Other parties are divided by the referendum: far-right, radical Jobbik urges to vote ‘no’; green LMP does not agree with the system of mandatory quotas, but do not want to tell their voters how to vote; only Liberals are campaigning for ‘yes’. Parties of left-liberal opposition are calling for a boycott in order not to have a valid result and they try to frame the whole case as if it was about Orbán’s attempt to lead Hungary out of the EU.

Among these circumstances the annual Tusványos Free Summer University was organized, an important event for governing Fidesz party (since 2010) and Hungarian politics every year: party prominents, politicians, young and not-so-young professionals and intellectuals gather to listen to what the leaders of Fidesz have to say. And usually they say quite memorable things: two years ago PM Viktor Orbán gave his famous speech about illiberal democracy, last year he talked about the migrant crisis in a way not many did before him. This year he addressed not the Hungarian but the European audience instead.

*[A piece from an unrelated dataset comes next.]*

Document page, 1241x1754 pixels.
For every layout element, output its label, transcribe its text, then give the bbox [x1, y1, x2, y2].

Victor Orbán made sure everyone will remember the 2016 Summer University: he openly endorsed Donald Trump, being the first prime minister to do so. Apart from this, the speech itself did not have much novelty, but the absence of some issues and approaches made it still important. In previous years PM’s speeches always addressed Hungarian politics and political actors, but not this time. He did not even mention the referendum until the very end. Instead, Mr Orbán talked about and to Europe: he said the words ‘Europe’ and ‘European’ three times more frequently than ‘Hungary’ or ‘Hungarian’.

This time, he continued what was the main consequence (according to him) of the Visegrad countries summit four days before: the end of the global leadership of the EU and the position of Visegrad countries on migration. This made it clear that Mr Orbán is using the refugee crisis to re-organize the Visegrad cooperation in order to create an alternative – Central Eastern European power against the old member states of the EU.

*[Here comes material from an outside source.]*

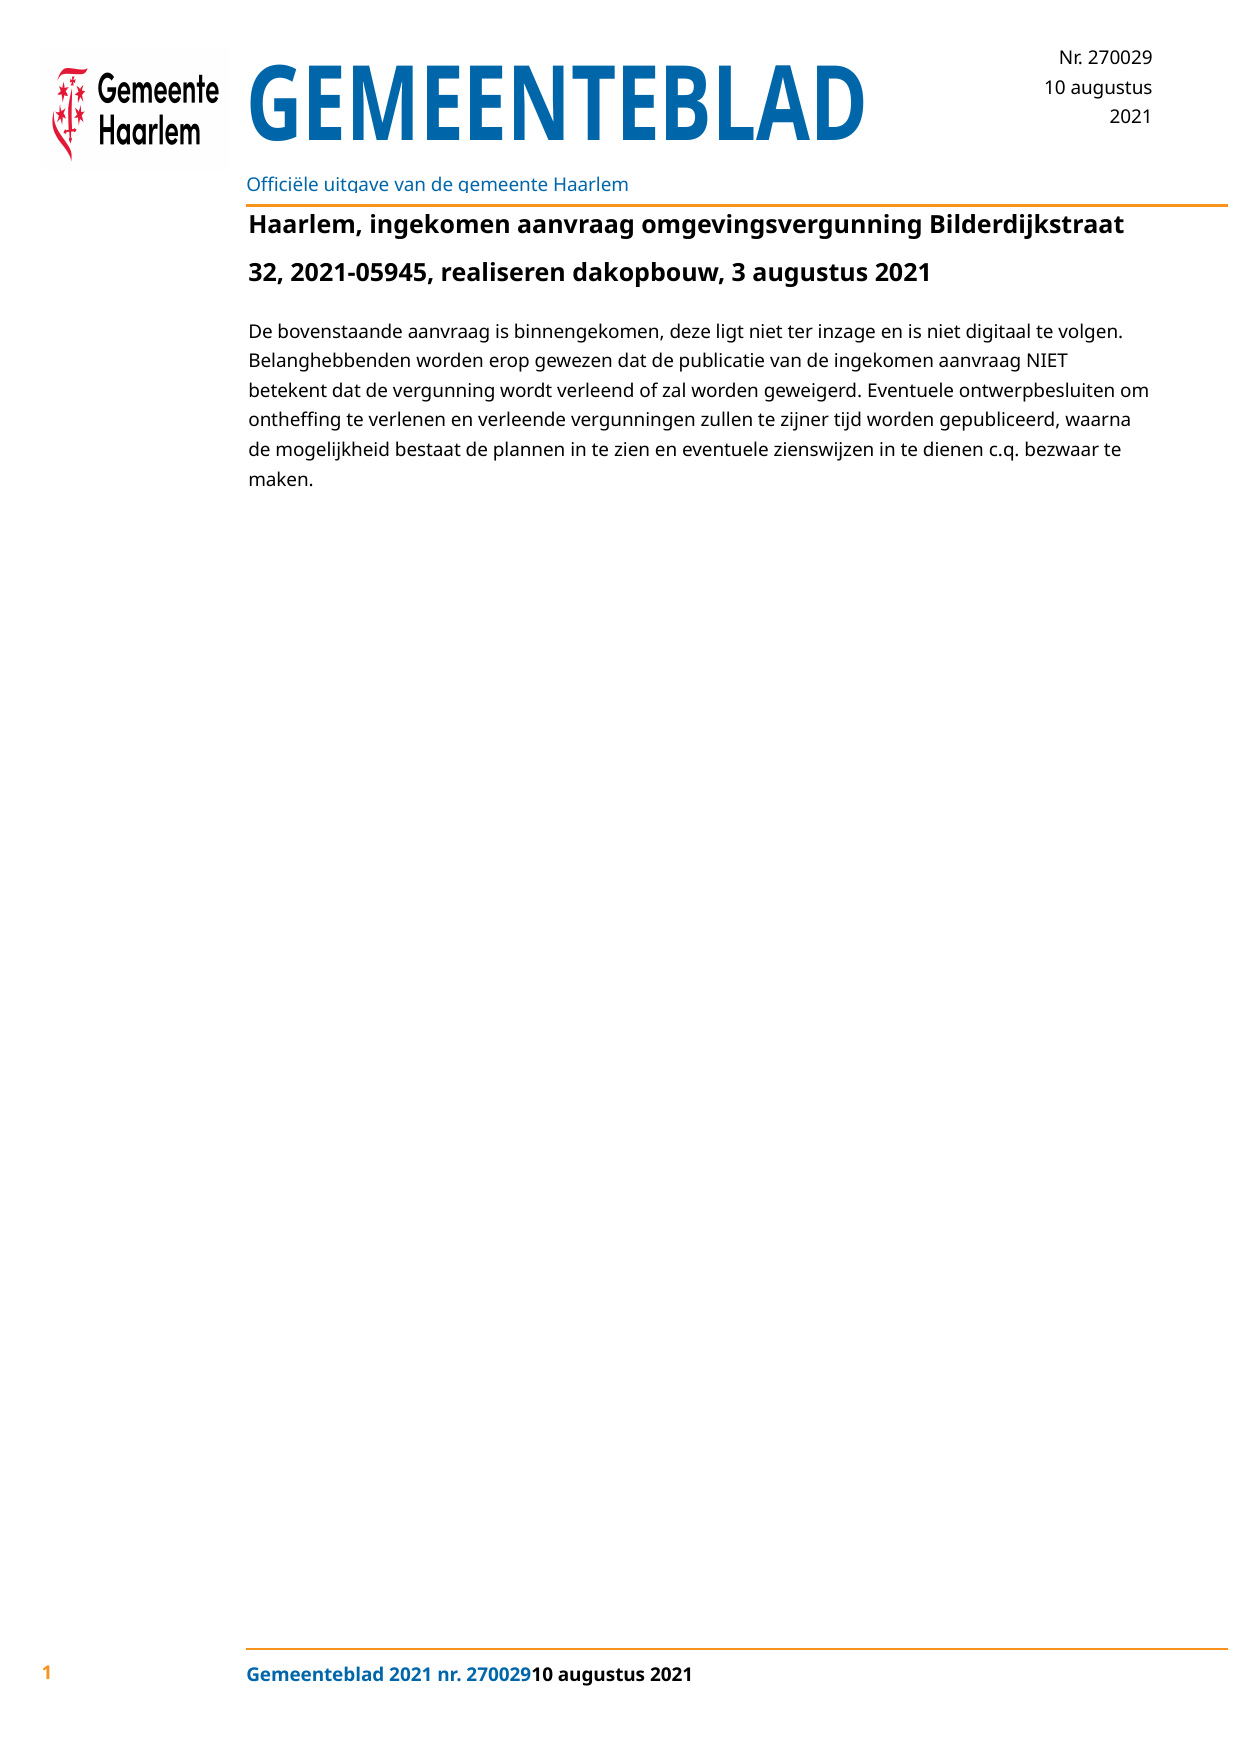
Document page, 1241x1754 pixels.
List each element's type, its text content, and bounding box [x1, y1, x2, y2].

text Haarlem, ingekomen aanvraag omgevingsvergunning Bilderdijkstraat 32, 2021-05945, realiseren dakopbouw, 3 augustus 2021 [248, 207, 1152, 288]
picture [41, 47, 231, 172]
text De bovenstaande aanvraag is binnengekomen, deze ligt niet ter inzage en is niet digitaal te volgen. Belanghebbenden worden erop gewezen dat de publicatie van de ingekomen aanvraag NIET betekent dat de vergunning wordt verleend of zal worden geweigerd. Eventuele ontwerpbesluiten om ontheffing te verlenen en verleende vergunningen zullen te zijner tijd worden gepubliceerd, waarna de mogelijkheid bestaat de plannen in te zien en eventuele zienswijzen in te dienen c.q. bezwaar te maken. [248, 318, 1152, 492]

He wishes to implement on a European level exactly the same scenario which worked for him very well in Hungary: identifying a problem and monopolizing its interpretation and solutions. As he was the first in Hungary to talk about the refugee crisis in early 2015, he tries to use the post-Brexit atmosphere to address the flaws and failures of the EU. And there is a reason why he can talk about these issues: an important part of his criticism of the EU as well as some of his concerns are shared by many European citizens.

Based on the Visegrad summit and his speech, PM Orbán is most likely to monopolize in Hungary the issues related to the future of the EU. Positioning himself and his allies against ‘the old European elites’, justifying the language he has been using for years, pioneering in addressing and undertaking certain (usually very complex) topics are all a part of his strategy: making him look like he understands and, more importantly, is able to solve all problems. The leaders of the EU and anyone interested in and concerned about the future of Europe has a great responsibility not to let the Prime Minister dominate the narrative. But in order to do this they have to admit there are some areas where the European cooperation should be reconsidered.

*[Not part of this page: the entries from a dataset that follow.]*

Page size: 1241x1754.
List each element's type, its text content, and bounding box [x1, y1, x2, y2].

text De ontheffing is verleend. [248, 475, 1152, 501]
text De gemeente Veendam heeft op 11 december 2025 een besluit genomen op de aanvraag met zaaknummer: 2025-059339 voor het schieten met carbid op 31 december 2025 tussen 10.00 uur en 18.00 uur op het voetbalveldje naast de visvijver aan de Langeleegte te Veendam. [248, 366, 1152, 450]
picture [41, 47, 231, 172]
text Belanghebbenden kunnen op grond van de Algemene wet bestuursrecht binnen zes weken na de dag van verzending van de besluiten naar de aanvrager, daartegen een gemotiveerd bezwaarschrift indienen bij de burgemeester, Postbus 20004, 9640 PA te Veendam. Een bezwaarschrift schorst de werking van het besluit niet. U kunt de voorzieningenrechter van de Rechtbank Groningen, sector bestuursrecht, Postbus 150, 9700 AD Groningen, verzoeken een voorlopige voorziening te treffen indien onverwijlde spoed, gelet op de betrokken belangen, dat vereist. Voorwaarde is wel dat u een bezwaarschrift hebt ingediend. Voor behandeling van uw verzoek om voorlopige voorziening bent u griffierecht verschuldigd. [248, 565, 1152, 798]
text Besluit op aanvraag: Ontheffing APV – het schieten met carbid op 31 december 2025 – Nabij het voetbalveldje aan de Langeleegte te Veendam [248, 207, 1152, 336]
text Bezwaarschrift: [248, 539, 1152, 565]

However, the end of the EU is not Orbán’s interest, neither it is to lead Hungary out from the EU. It provides him resources and opportunities which he would not risk losing. He is talking about “Europe losing its global leadership” and “not being able to protect its own citizens anymore”, while promoting the uniqueness and vitality of Central Europe in order to play a more important role within the EU – not outside of it. In this fight, his tools are fear and insecurity – just like they were with the refugee crisis last year. Based on this Mr Orbán is most likely to use the time left until the referendum to emphasize this opposition of ‘old and new’, ‘central and peripheral’ countries in the EU. If the Hungarian opposition wants to fight this narrative, they should find an interpretation of the referendum which is not about whether to leave or not the EU but to provide a European vision with which their voters can identify – and which the EU itself could also use.